Still feeling huffy about being patronized, I said, “I can catch a bus.” I glanced at my watch and was surprised to find it was almost midnight. “Or call a cab.”
“I’ll drive you, damn it.” He glared at me, now looking angry rather than patronizing.
And suddenly that crazy tension was zinging between us again. Insane. I’d been having a parenting discussion with my future father-in-law, but now I was feeling anything but daughterly.
I wanted this man. He could be infuriating but he was the most dynamic, impressive, intelligent, sexy man I’d ever met. He was a man to feel passionate about.
The way Grace felt about Jimmy Lee.
Chapter 9
Shock rippled through me, chilling my blood. I couldn’t be falling in love with Gabriel DeLuca. If I was, it was a far different emotion than what I felt for Richard. I stare
d down into my wine glass, afraid to meet Gabriel’s eyes for fear he’d see too much.
“Finish your wine and let’s go.” That exasperated snarl was familiar. I’d heard it the first day I phoned him.
“Fine,” I snarled back, taking comfort in anger. It was a preferable emotion to … whatever else I was feeling. After swallowing the last mouthful of wine, I carefully placed my glass on the box-table and stood up.
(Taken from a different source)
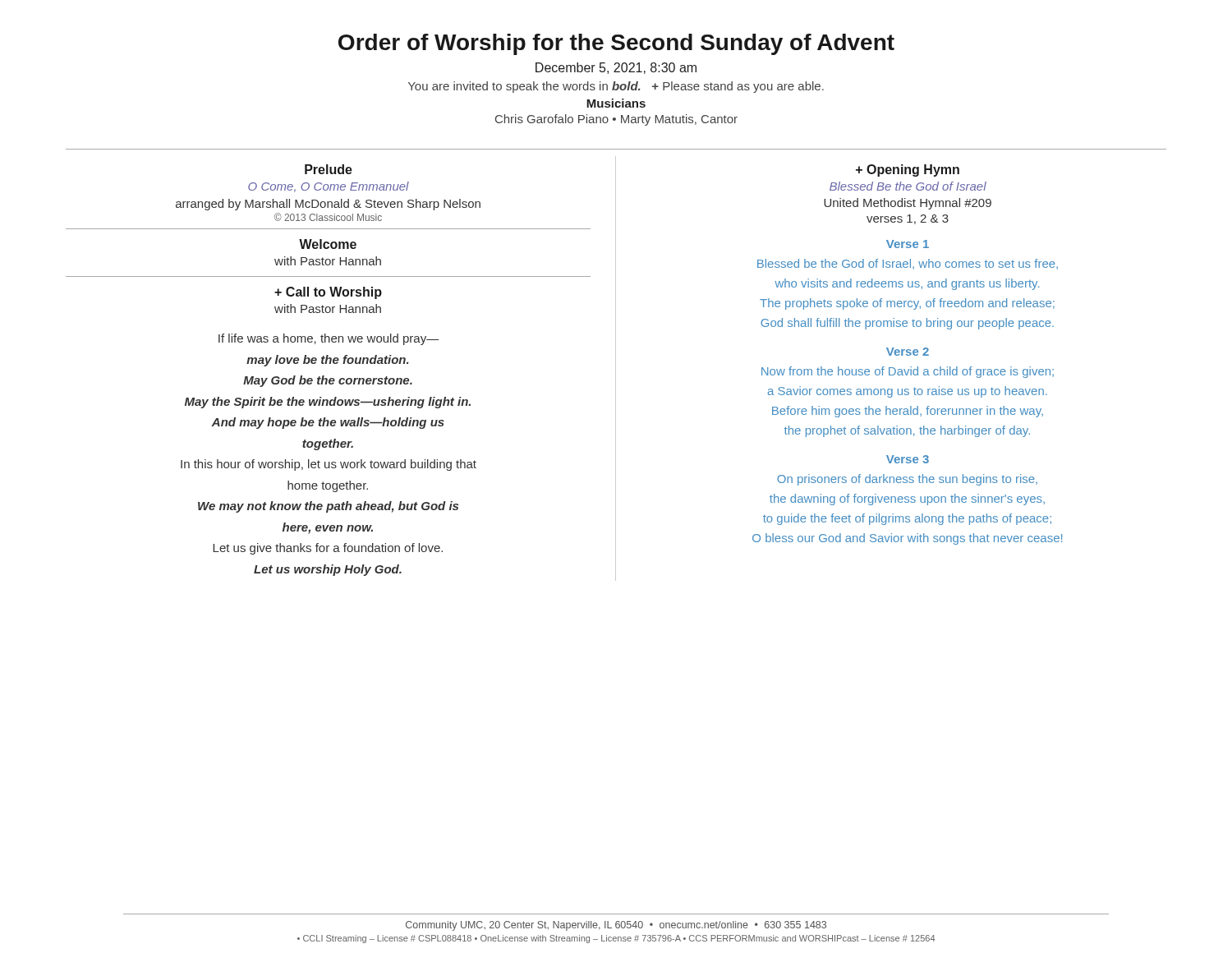Point to the block beginning "If life was"

[328, 454]

When I dared to look at him, he shook his head. “Why are we arguing?”
I shrugged, guessing he knew as well as I did, but neither of us was going to admit it. “It’s been a stressful day.”
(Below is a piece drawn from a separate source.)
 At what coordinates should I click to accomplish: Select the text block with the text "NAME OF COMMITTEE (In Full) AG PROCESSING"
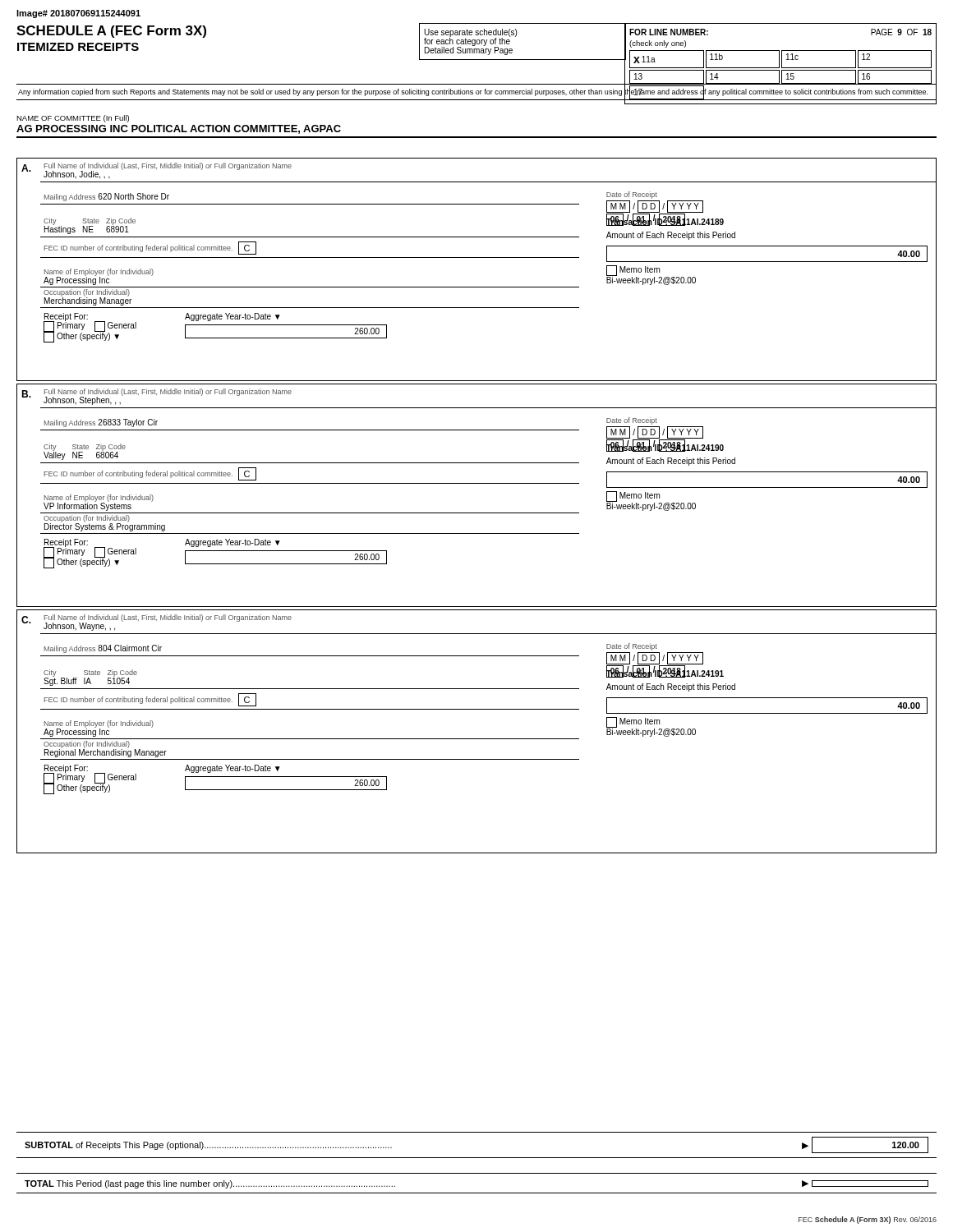tap(476, 126)

A surprised laugh choked out of him. “Seems like they’re always stressful days when I see you, Isadora. Come on, let’s get you home.”
As we walked down the stairs he said, “About Richard…”
I gave a guilty start. “Yes?”
“I wouldn’t know how to start. Even if I did want to make things better between us.”
However confused I might be, I was sure of one thing: I cared about both these men and wanted to help them find their way to each other. “Start with small steps. Like … well, like he’s thinking of, with that boy in his neighborhood.”
“What boy?”
“Oh, didn’t he tell—” I broke off. “There’s a boy he’s made a connection with. The son of a single-parent mom. Richard thinks he’s a good kid, but heading for trouble. His mom’s always working and he doesn’t have a healthy male influence in his life. So Richard is going to be a sort of unofficial big brother, if Eric and his mother will let him.”
We reached the street and walked side by side to Gabriel’s car. “Looks like he’s on his way to being a good father,” he said. “Must have got that from Frank.”
Gabriel unlocked the passenger door and we both stared at the seat. Clean now, as if Valente had never ridden there. Valente, who we’d actually forgotten in the time we’d been discussing Richard. But then, to be fair, we’d forgotten about Richard when we’d been focused on Valente.
I glanced at Gabriel and he gave a rueful shake of his head, which seemed to express everything I’d been thinking. We’d shared a lot tonight, and I felt amazingly close to him. Too close.